YOUR GOAL: Only the lines holding the word "Information" are wanted; copy each of them from the listing.

DATA FOR PROCESSING:
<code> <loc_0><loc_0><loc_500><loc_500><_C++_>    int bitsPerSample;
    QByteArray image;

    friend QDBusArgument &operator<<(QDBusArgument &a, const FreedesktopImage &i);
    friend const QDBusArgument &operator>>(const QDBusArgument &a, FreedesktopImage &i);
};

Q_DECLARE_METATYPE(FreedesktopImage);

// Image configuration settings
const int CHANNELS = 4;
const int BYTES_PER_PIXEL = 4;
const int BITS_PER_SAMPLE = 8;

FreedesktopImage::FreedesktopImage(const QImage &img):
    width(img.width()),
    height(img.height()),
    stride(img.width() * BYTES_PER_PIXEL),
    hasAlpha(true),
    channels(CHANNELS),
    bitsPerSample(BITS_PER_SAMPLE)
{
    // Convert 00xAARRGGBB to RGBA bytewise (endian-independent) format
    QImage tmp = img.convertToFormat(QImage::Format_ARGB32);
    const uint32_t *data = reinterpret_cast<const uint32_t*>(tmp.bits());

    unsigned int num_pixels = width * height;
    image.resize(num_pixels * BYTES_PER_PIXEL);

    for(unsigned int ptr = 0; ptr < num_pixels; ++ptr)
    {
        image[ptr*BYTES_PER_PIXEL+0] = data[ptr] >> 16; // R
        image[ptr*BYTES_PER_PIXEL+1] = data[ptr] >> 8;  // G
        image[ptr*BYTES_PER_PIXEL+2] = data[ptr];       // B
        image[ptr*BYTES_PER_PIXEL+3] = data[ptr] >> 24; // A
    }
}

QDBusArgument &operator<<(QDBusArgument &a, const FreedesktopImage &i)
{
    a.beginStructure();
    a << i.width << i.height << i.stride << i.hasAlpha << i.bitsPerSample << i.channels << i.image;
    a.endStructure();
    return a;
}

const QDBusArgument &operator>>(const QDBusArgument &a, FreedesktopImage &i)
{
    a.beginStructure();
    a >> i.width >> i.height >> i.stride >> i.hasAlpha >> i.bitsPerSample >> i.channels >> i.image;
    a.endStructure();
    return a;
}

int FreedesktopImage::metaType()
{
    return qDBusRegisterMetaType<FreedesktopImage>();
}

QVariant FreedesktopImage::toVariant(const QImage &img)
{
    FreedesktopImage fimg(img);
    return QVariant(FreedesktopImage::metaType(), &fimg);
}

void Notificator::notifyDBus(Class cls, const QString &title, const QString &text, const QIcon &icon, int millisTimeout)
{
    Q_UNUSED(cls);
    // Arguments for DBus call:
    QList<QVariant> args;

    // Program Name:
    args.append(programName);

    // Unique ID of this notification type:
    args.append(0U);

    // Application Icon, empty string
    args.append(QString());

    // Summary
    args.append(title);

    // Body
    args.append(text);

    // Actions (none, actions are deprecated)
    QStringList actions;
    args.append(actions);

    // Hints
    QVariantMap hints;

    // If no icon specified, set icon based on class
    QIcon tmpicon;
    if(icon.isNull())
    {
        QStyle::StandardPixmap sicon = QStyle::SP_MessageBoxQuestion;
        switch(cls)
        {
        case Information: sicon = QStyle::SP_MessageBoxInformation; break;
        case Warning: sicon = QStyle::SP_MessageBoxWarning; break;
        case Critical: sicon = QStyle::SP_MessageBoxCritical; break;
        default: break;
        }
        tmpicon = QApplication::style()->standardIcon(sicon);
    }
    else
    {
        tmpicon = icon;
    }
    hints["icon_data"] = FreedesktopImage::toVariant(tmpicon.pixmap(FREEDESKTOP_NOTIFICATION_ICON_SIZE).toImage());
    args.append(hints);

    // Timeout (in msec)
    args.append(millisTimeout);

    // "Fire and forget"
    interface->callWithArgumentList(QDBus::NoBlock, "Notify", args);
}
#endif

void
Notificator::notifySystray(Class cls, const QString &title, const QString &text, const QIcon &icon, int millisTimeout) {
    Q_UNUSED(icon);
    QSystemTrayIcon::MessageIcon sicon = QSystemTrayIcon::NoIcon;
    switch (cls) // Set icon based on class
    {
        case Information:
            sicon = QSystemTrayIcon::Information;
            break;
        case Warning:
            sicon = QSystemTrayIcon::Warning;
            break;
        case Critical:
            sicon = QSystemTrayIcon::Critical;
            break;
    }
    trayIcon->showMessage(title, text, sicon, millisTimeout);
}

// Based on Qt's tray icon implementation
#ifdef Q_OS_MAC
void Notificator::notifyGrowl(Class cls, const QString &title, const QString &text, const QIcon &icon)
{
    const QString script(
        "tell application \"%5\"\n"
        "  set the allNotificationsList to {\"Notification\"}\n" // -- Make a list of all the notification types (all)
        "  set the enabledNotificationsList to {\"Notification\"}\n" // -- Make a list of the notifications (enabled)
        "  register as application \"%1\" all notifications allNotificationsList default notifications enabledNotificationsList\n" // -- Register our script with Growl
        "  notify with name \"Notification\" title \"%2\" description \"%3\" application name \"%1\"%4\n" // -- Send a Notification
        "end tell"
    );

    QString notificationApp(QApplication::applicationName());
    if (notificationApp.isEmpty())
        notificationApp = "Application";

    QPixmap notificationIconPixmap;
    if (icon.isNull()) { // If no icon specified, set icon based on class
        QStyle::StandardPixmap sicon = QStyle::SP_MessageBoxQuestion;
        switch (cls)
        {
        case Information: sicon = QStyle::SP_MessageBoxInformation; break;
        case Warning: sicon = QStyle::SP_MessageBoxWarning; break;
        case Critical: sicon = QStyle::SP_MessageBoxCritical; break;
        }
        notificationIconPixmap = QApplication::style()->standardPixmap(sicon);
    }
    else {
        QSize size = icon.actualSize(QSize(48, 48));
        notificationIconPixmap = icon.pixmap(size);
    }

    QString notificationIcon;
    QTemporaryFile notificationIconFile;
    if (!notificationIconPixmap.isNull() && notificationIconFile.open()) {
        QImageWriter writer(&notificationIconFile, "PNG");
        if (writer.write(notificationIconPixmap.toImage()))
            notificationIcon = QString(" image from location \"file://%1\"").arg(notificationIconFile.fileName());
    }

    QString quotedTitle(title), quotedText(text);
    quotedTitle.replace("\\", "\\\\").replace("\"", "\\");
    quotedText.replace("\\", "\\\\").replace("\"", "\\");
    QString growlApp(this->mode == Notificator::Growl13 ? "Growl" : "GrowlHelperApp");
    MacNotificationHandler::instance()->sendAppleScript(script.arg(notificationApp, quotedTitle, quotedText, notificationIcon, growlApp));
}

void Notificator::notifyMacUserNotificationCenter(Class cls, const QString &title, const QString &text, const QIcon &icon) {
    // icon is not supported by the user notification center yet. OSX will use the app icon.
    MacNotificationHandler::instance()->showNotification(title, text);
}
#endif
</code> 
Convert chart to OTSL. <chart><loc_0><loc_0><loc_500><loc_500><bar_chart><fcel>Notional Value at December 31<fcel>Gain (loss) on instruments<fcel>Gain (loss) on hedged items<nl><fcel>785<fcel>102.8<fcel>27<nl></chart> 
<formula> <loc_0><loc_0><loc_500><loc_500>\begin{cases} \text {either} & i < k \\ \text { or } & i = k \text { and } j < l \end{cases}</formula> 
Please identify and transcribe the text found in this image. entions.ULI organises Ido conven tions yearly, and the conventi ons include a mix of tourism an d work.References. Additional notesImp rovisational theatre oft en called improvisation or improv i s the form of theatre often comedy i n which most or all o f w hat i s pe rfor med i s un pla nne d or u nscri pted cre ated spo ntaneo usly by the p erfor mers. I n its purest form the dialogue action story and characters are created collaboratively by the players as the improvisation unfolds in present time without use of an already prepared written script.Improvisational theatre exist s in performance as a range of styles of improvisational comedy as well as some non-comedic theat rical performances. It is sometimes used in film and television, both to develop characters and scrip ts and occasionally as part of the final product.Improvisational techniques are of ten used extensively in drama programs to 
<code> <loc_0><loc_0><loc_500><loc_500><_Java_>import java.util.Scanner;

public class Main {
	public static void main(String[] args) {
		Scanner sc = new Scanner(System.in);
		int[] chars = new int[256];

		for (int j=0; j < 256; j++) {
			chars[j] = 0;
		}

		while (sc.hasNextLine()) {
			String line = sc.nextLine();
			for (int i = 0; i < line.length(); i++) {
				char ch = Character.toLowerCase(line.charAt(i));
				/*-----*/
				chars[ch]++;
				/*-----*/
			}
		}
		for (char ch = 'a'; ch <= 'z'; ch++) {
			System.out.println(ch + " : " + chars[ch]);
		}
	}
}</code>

SOLUTION TO THE EXERCISE:
        case Information: sicon = QStyle::SP_MessageBoxInformation; break;
        case Information:
            sicon = QSystemTrayIcon::Information;
        case Information: sicon = QStyle::SP_MessageBoxInformation; break;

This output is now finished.